[Task objective]: From the line with "Provide a one-sentence" to the end of the data below, restate each line word for word, both ends included, without the pictures.

[Task input]:
------------------------------------

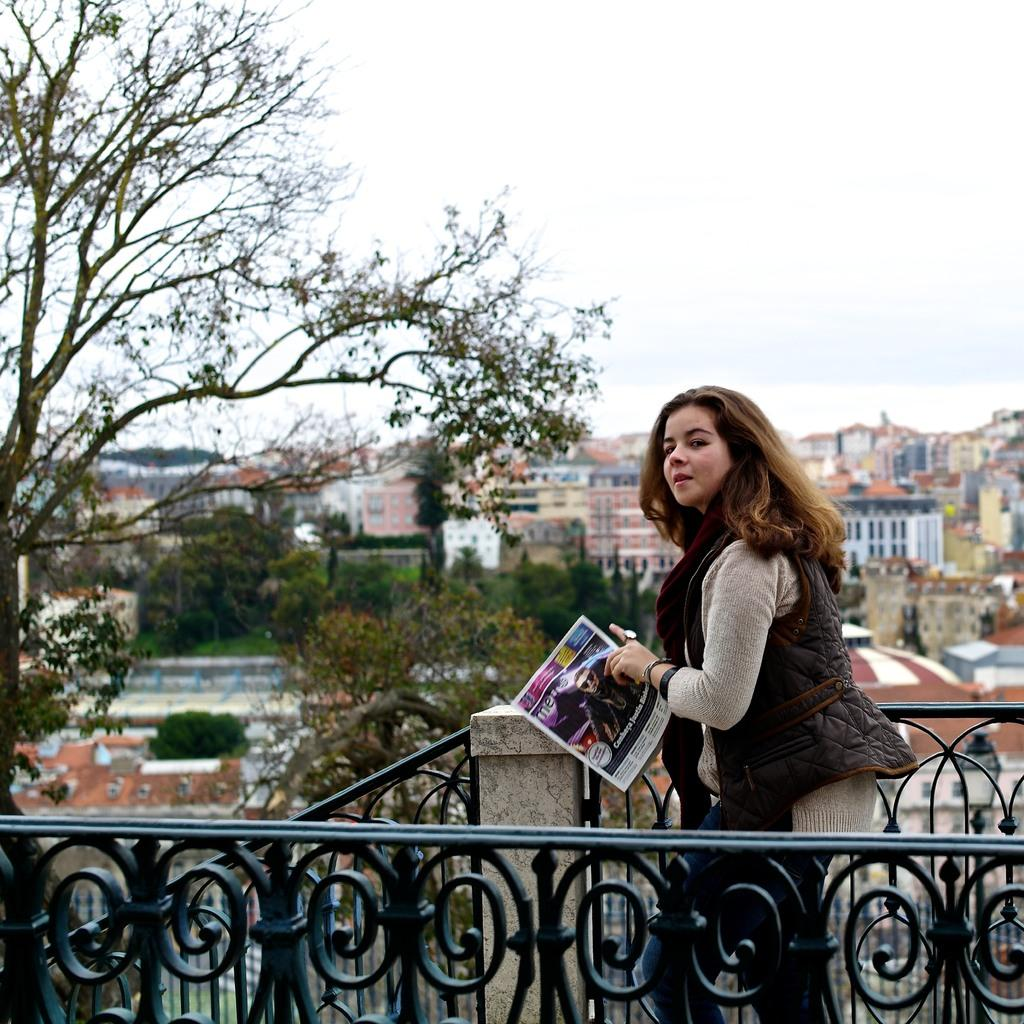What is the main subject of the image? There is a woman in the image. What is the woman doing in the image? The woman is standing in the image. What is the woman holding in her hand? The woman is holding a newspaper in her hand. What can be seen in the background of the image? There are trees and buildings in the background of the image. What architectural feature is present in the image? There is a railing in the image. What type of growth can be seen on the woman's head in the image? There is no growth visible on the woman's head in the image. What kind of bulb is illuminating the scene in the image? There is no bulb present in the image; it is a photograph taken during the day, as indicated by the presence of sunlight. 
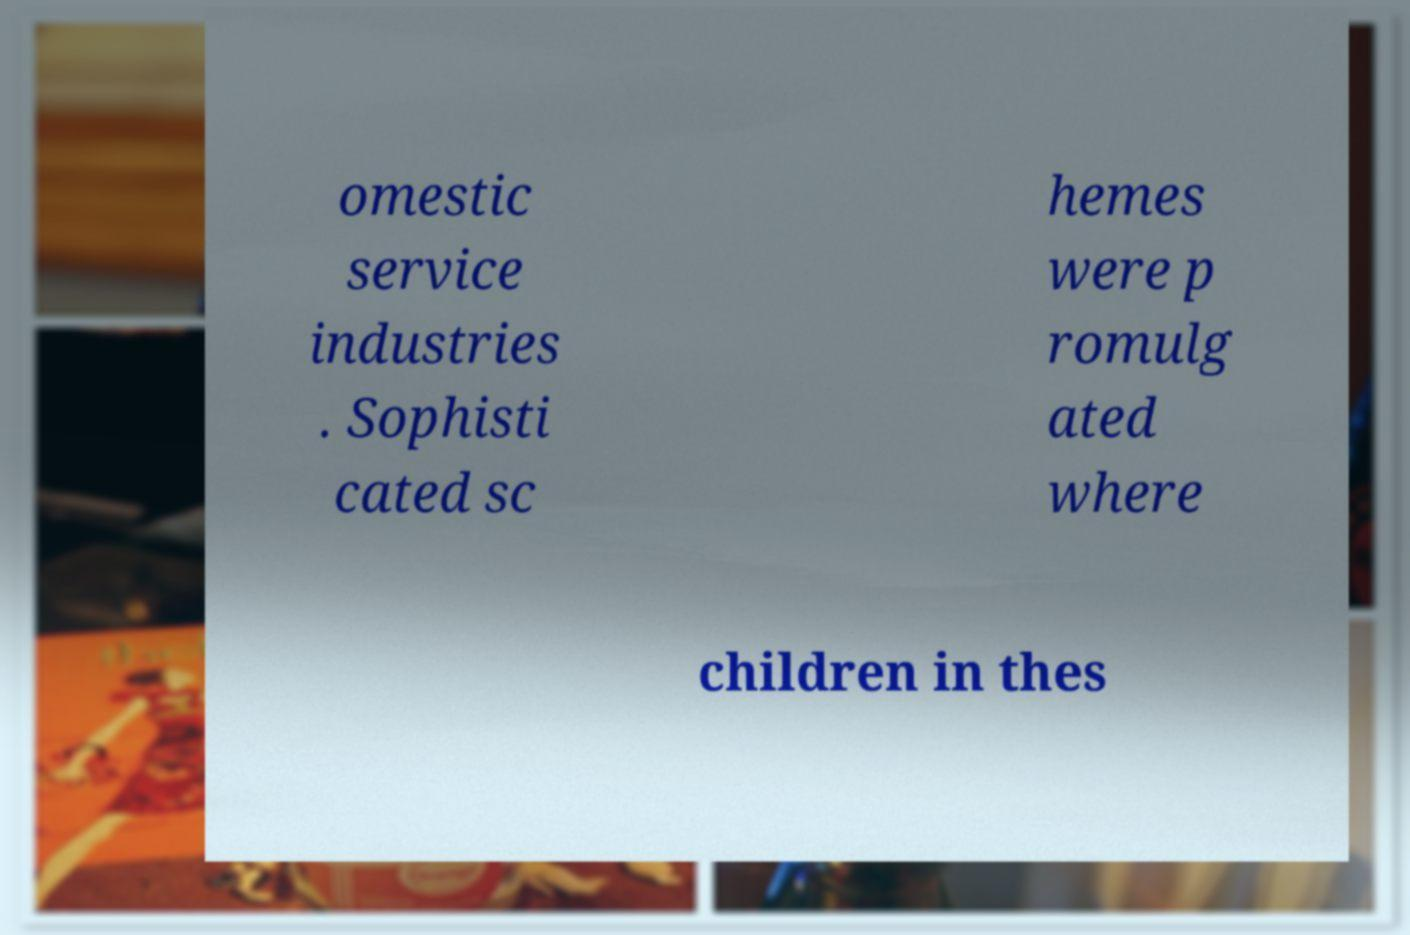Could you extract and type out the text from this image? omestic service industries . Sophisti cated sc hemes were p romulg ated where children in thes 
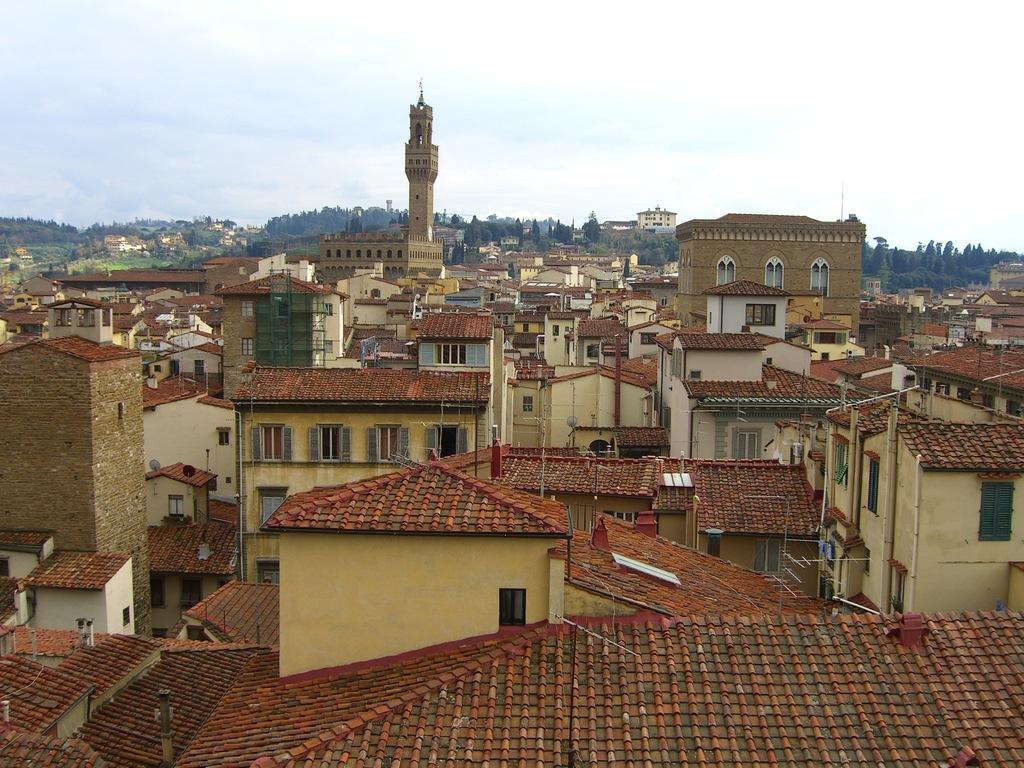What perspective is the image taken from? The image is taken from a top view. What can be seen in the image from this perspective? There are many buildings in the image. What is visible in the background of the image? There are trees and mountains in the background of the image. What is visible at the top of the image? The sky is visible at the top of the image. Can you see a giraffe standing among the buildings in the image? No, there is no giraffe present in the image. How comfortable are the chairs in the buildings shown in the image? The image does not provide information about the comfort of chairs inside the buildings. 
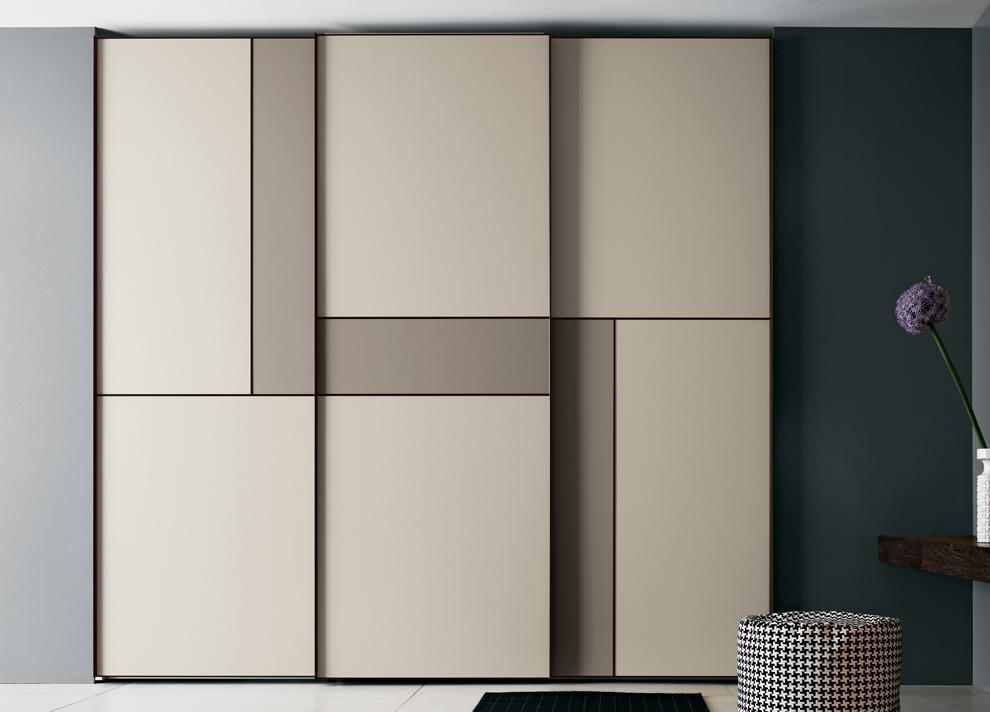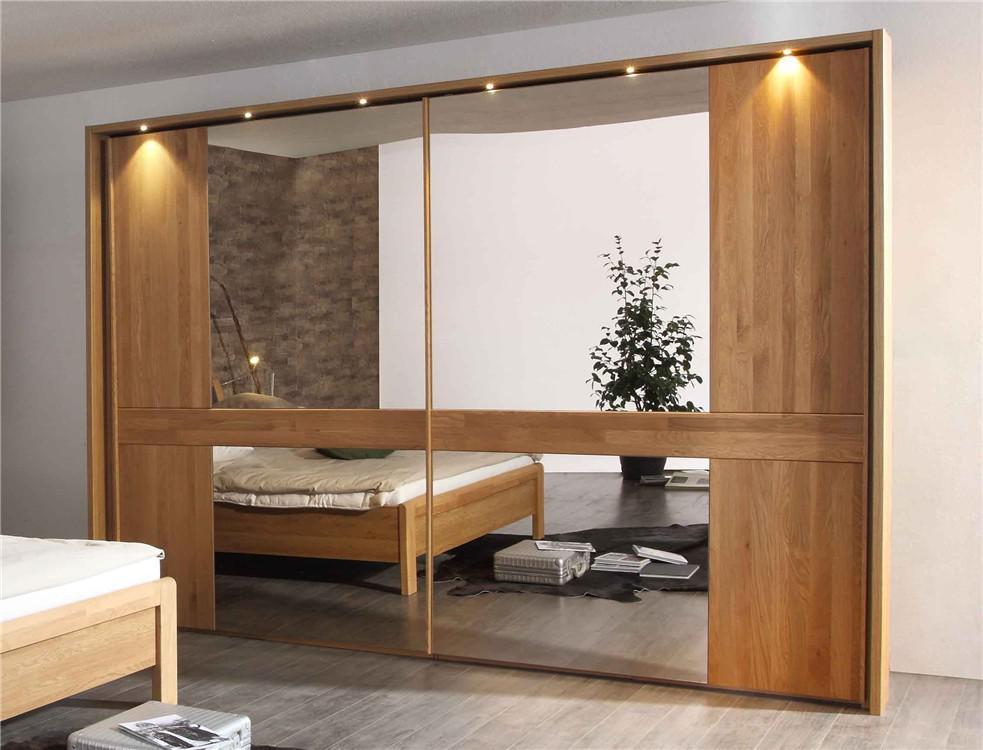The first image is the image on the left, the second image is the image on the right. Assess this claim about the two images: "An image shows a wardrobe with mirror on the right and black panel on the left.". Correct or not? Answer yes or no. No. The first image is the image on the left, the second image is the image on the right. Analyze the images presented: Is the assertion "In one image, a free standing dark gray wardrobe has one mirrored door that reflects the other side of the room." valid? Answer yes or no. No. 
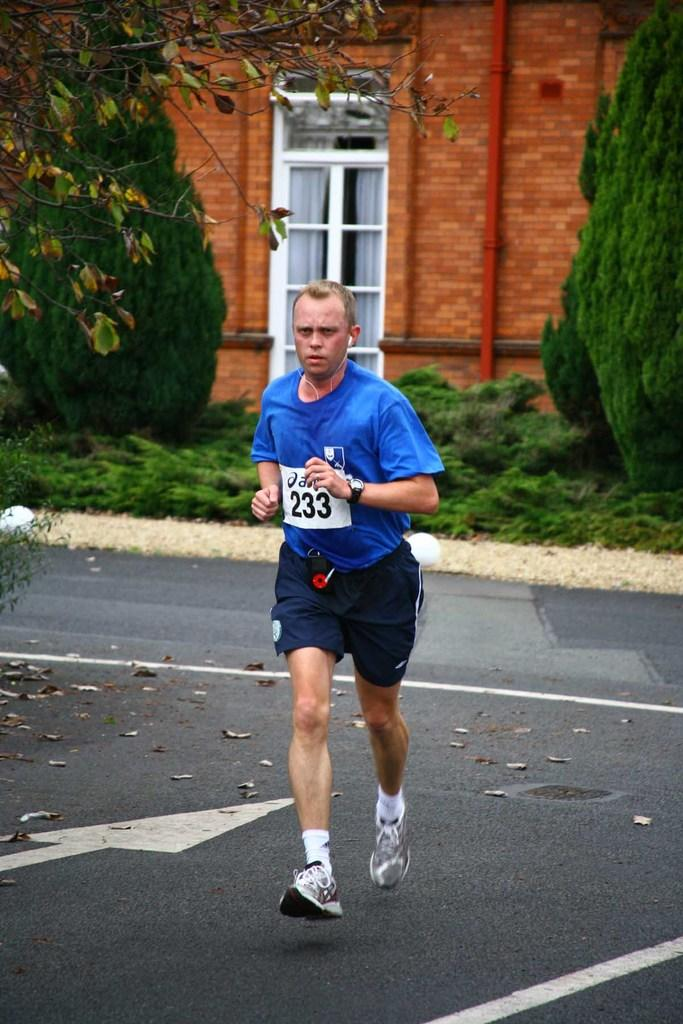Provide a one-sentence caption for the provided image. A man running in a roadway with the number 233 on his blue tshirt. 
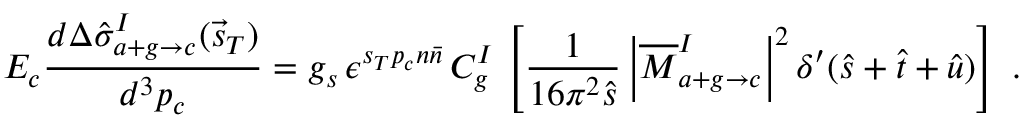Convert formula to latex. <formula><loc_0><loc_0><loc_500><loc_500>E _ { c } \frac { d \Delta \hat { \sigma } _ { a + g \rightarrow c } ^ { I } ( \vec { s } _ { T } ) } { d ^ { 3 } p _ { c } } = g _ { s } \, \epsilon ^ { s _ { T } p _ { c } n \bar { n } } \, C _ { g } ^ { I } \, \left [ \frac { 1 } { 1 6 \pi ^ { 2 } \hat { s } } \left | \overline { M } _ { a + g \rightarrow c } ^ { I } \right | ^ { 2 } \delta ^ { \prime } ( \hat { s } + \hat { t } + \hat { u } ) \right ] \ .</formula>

------------------------------------

[Task solution]:
Provide a one-sentence caption for the provided image. A man running in a roadway with the number 233 on his blue tshirt. 
Convert formula to latex. <formula><loc_0><loc_0><loc_500><loc_500>E _ { c } \frac { d \Delta \hat { \sigma } _ { a + g \rightarrow c } ^ { I } ( \vec { s } _ { T } ) } { d ^ { 3 } p _ { c } } = g _ { s } \, \epsilon ^ { s _ { T } p _ { c } n \bar { n } } \, C _ { g } ^ { I } \, \left [ \frac { 1 } { 1 6 \pi ^ { 2 } \hat { s } } \left | \overline { M } _ { a + g \rightarrow c } ^ { I } \right | ^ { 2 } \delta ^ { \prime } ( \hat { s } + \hat { t } + \hat { u } ) \right ] \ .</formula>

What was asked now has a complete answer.